Starting from the line with "- marker 2 read-out for S12", please copy exactly every line to the end of the listing, but not the pictures.
*** Opening of SOURCE DATA ***
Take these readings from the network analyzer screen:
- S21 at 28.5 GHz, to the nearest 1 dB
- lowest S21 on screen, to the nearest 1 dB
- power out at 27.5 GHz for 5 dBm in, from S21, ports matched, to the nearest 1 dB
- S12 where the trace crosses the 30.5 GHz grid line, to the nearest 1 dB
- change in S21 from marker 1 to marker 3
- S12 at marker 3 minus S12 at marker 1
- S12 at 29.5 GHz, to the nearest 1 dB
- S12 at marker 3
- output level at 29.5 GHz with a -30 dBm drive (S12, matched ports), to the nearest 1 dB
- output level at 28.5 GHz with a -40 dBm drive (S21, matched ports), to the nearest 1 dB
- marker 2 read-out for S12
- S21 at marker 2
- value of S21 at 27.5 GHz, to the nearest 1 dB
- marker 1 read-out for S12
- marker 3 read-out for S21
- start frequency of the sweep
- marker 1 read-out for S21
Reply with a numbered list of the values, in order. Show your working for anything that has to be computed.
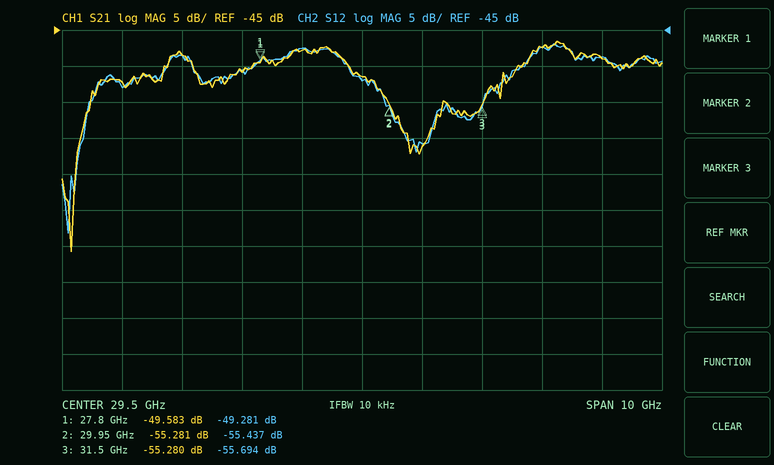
1. -48 dB
2. -76 dB
3. 5 dBm + (-51 dB) = -46 dBm
4. -61 dB
5. -55.28 − (-49.583) = -5.697 dB
6. -55.694 − (-49.281) = -6.413 dB
7. -52 dB
8. -55.694 dB
9. -30 dBm + (-52 dB) = -82 dBm
10. -40 dBm + (-48 dB) = -88 dBm
11. -55.437 dB
12. -55.281 dB
13. -51 dB
14. -49.281 dB
15. -55.280 dB
16. 24.5 GHz
17. -49.583 dB
*** Close of SOURCE DATA ***
FINISHED EXERCISE
- marker 2 read-out for S12
- S21 at marker 2
- value of S21 at 27.5 GHz, to the nearest 1 dB
- marker 1 read-out for S12
- marker 3 read-out for S21
- start frequency of the sweep
- marker 1 read-out for S21
Reply with a numbered list of the values, in order. Show your working for anything that has to be computed.
1. -48 dB
2. -76 dB
3. 5 dBm + (-51 dB) = -46 dBm
4. -61 dB
5. -55.28 − (-49.583) = -5.697 dB
6. -55.694 − (-49.281) = -6.413 dB
7. -52 dB
8. -55.694 dB
9. -30 dBm + (-52 dB) = -82 dBm
10. -40 dBm + (-48 dB) = -88 dBm
11. -55.437 dB
12. -55.281 dB
13. -51 dB
14. -49.281 dB
15. -55.280 dB
16. 24.5 GHz
17. -49.583 dB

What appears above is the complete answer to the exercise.